Eluana avrebbe detto a famigliari ed amiche di preferire la morte allo stato vegetativo.
Può darsi. Ma chi ha la certezza che anche se in stato vegetativo, oggi non abbia cambiato idea e preferisca vivere? La scienza non ci offre sicurezze.
Cosa rischia l’Italia con questa vicenda?
Se la sentenza viene eseguita, si rischia di aprire una porticina verso la morte in cui possono scivolare prima di tutto le 2500 persone in stato vegetativo in Italia. Senza contare i malati di Alzheimer e le demenze senili. Vi saranno infatti medici e famigliari che si chiederanno perché loro devono continuare a vivere se Eluana è morta. Qualcuno potrebbe anche farsi venire la tentazione di far pulizia delle persone che non sono sane e perfette. Neonati compresi.

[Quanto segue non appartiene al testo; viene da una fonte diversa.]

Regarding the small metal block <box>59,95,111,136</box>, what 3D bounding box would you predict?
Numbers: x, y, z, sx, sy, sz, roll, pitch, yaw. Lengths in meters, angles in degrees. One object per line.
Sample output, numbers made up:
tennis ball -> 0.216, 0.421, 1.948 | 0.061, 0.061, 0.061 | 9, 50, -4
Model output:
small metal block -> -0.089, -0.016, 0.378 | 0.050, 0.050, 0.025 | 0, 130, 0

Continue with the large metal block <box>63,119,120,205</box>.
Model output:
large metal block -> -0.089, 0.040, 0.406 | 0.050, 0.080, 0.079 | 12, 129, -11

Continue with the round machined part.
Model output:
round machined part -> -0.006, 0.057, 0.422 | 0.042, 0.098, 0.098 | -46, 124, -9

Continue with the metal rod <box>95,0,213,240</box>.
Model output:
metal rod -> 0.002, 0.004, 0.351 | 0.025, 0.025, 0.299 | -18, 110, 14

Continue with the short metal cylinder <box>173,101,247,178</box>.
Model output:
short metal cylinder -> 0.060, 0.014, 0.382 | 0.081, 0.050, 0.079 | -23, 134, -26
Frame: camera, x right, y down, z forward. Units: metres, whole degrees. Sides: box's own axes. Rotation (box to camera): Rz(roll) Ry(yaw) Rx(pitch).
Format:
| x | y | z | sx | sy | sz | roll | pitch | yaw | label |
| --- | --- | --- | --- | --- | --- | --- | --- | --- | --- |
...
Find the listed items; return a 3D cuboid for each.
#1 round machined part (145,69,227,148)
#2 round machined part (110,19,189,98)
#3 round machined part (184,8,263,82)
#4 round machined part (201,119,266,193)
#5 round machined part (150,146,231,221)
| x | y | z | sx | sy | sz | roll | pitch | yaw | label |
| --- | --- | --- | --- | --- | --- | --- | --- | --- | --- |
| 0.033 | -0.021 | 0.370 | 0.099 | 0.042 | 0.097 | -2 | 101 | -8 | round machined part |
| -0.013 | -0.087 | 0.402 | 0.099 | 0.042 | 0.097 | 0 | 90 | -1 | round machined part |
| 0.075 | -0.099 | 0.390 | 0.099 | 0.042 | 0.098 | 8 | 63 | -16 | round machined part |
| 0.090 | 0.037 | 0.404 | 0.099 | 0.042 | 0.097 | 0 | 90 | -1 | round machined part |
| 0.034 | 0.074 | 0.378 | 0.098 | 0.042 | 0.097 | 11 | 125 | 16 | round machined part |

Una vera e propria deriva di morte a suo giudizio, insomma.
Si, senza contare il messaggio culturale falso e offensivo verso i malati in stato vegetativo e le loro famiglie che soffrono e fanno dei sacrifici enormi per amore dei loro cari. In pratica si dice loro che è tutto inutile, che i loro congiunti stanno vivendo una vita indegna. Questa cultura mi fa paura perché rifiuta chi è diverso, il malato e assegna ai sani il diritto di decidere chi può vivere.
Dottoressa Menard, lei crede in Dio?
No, ho avuto un’educazione cattolica, ma non sono riuscita a conciliare fede e scienza. Da quando ho il tumore vorrei tanto credere in Dio, mi aiuterebbe. Dalla vicenda di Eluana sembra che siano solo i cattolici a difendere la vita. Che non credenti e laici siano per la morte. Invece non deve essere così, la vita è un diritto che va difeso da tutti.